In the specific kind of problem I am working on, I will not use numbers with absolute value larger than 1.
Any recommendation?

The `BigFloat` operations can be customized with a `setprecision` and `setrounding` .
see: → Arbitrary Precision Arithmetic

You might be looking for https://0.30000000000000004.com .

Inserting rounding at intermediate steps of the calculation is likely to reduce accuracy, unless you have reason to believe all intermediate steps will be nice numbers in decimal. In which case you may want something like DecFP.jl or Decimals.jl or FixedPointNumbers.jl.

1 Like

Is the speed of calculation for BigFloat the same as for Float64?
I am not so much looking for many decimals. But I’d like exact results when dealing with simple numbers.

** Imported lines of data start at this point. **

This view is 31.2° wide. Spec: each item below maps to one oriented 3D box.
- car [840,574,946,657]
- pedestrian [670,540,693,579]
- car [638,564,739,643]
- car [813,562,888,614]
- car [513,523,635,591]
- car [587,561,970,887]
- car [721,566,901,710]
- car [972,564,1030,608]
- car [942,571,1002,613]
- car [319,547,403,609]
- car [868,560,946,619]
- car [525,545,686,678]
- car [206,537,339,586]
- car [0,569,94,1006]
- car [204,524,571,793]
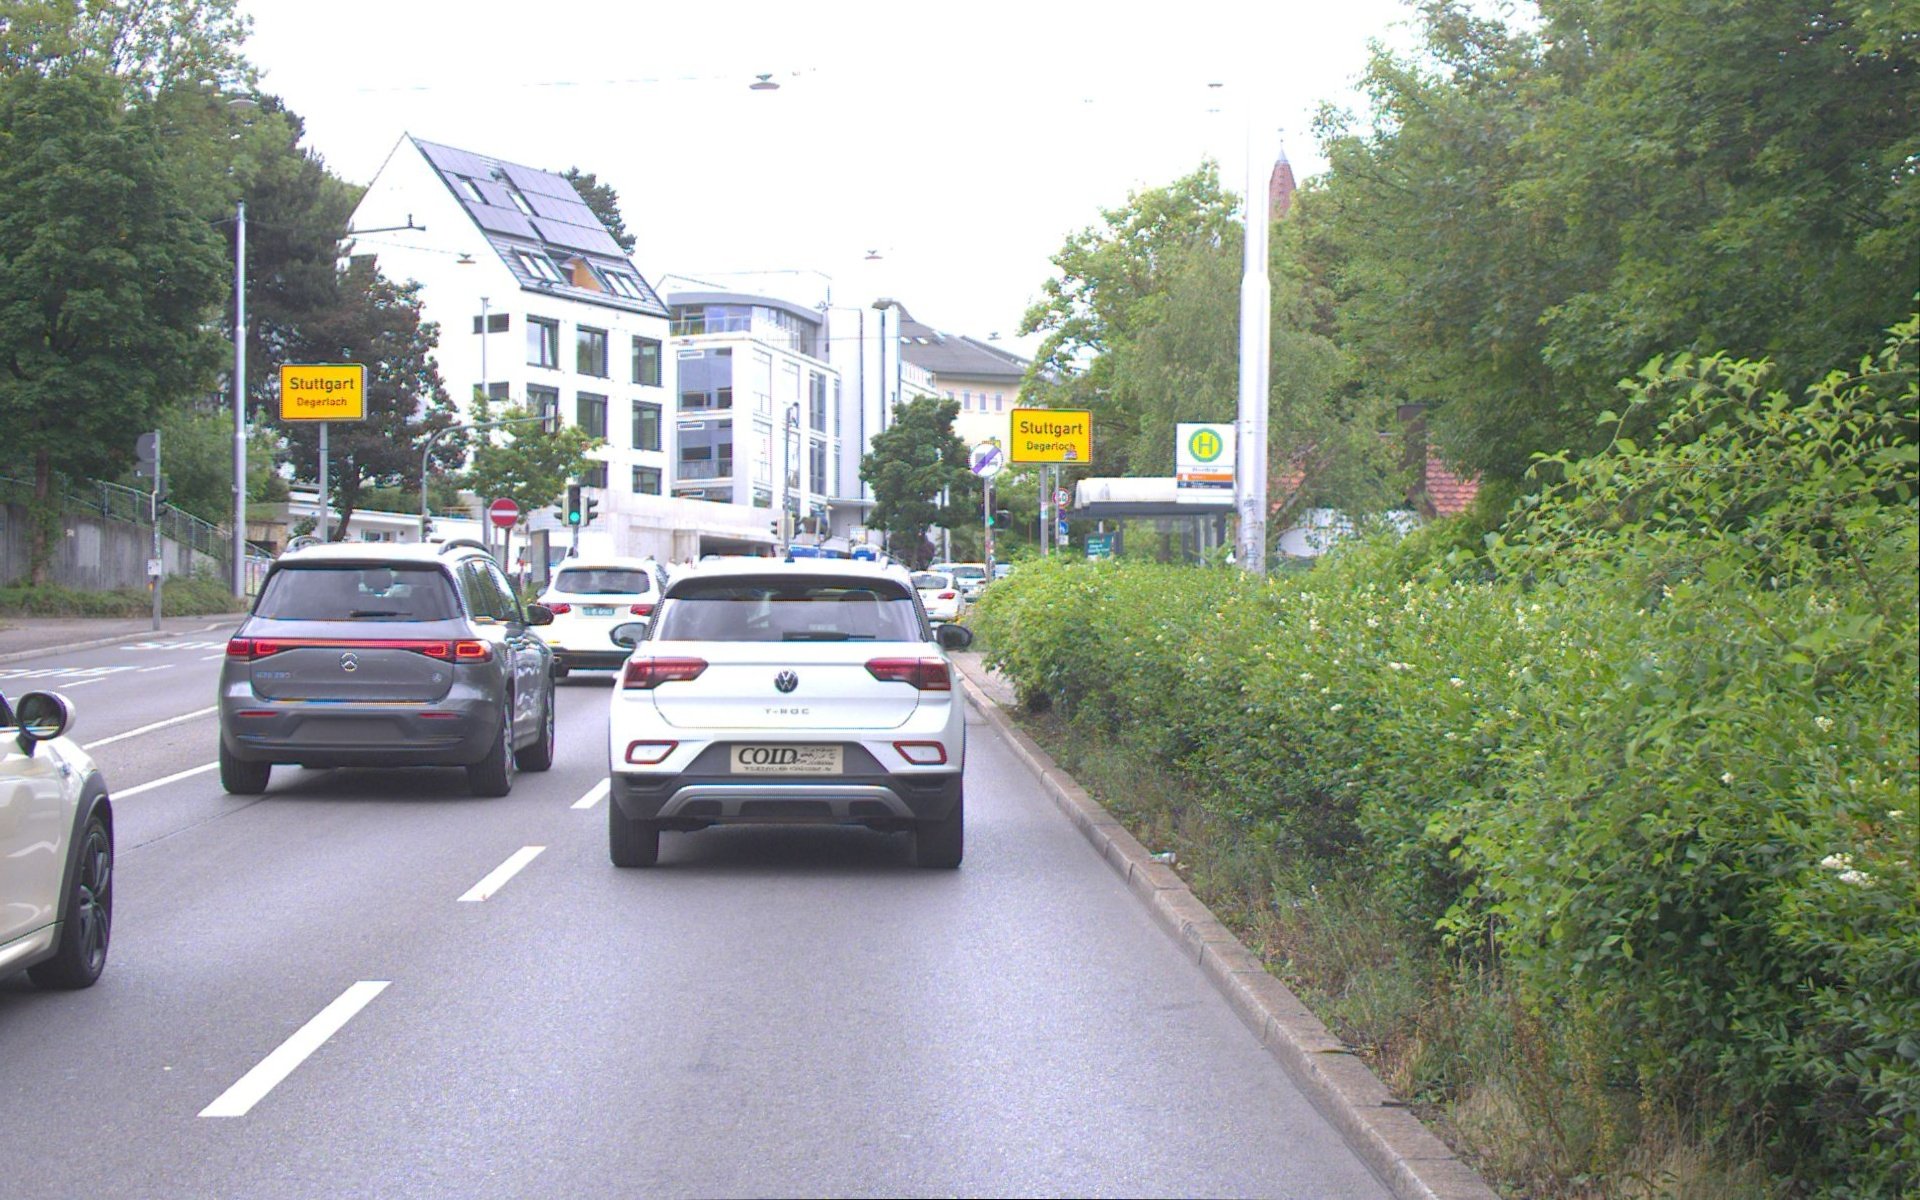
[{"bbox_3d":[-1.374,0.282,68.976,1.873,1.496,4.556,3,0,-3],"label":"car"},{"bbox_3d":[-11.903,-1.731,146.833,0.674,1.634,0.672,2,1,-34],"label":"pedestrian"},{"bbox_3d":[-5.315,0.043,67.652,1.858,1.495,4.056,0,1,-3],"label":"car"},{"bbox_3d":[-3.189,-0.368,100.501,1.858,1.495,4.055,0,1,3],"label":"car"},{"bbox_3d":[-14.919,-1.680,133.467,2.233,2.559,7.417,0,1,14],"label":"car"},{"bbox_3d":[-0.962,0.571,18.230,1.811,1.534,3.690,0,1,-3],"label":"car"},{"bbox_3d":[-1.663,0.376,37.913,1.858,1.495,4.056,0,1,-3],"label":"car"},{"bbox_3d":[1.448,-0.496,120.641,1.858,1.495,4.055,0,1,3],"label":"car"},{"bbox_3d":[0.464,-0.296,125.739,1.858,1.495,4.055,0,1,5],"label":"car"},{"bbox_3d":[-15.298,-0.571,87.966,1.728,1.535,4.044,1,1,-5],"label":"car"},{"bbox_3d":[-1.407,-0.287,89.829,1.858,1.495,4.056,0,1,-3],"label":"car"},{"bbox_3d":[-4.596,0.118,45.069,1.858,1.646,4.637,0,1,-3],"label":"car"},{"bbox_3d":[-22.018,-1.235,110.050,4.118,1.534,1.599,0,1,-13],"label":"car"},{"bbox_3d":[-3.856,0.605,10.705,1.627,1.388,3.566,0,1,-4],"label":"car"},{"bbox_3d":[-3.802,0.337,23.567,1.812,1.646,4.636,0,1,-1],"label":"car"}]

As pointed, Rational numbers seem better for my case but I’m not sure speed is comparable to Float64. Further, since I am doing trigonometric functions on these numbers, I am not sure that these imply a hidden conversion to Float64.

Thanks for the pointers. I’ll look at that.

1 Like

This is the expected behaviour of floating point representations. The problem being that decimals `0.2` and `0.8` cannot be represented exactly in the binary float format of `Float64` (IEEE 754 standard). The link provided by @mcabbott is a good starting point. For all the glorious details click on " What Every Computer Scientist Should Know About Floating-Point Arithmetic" on that page.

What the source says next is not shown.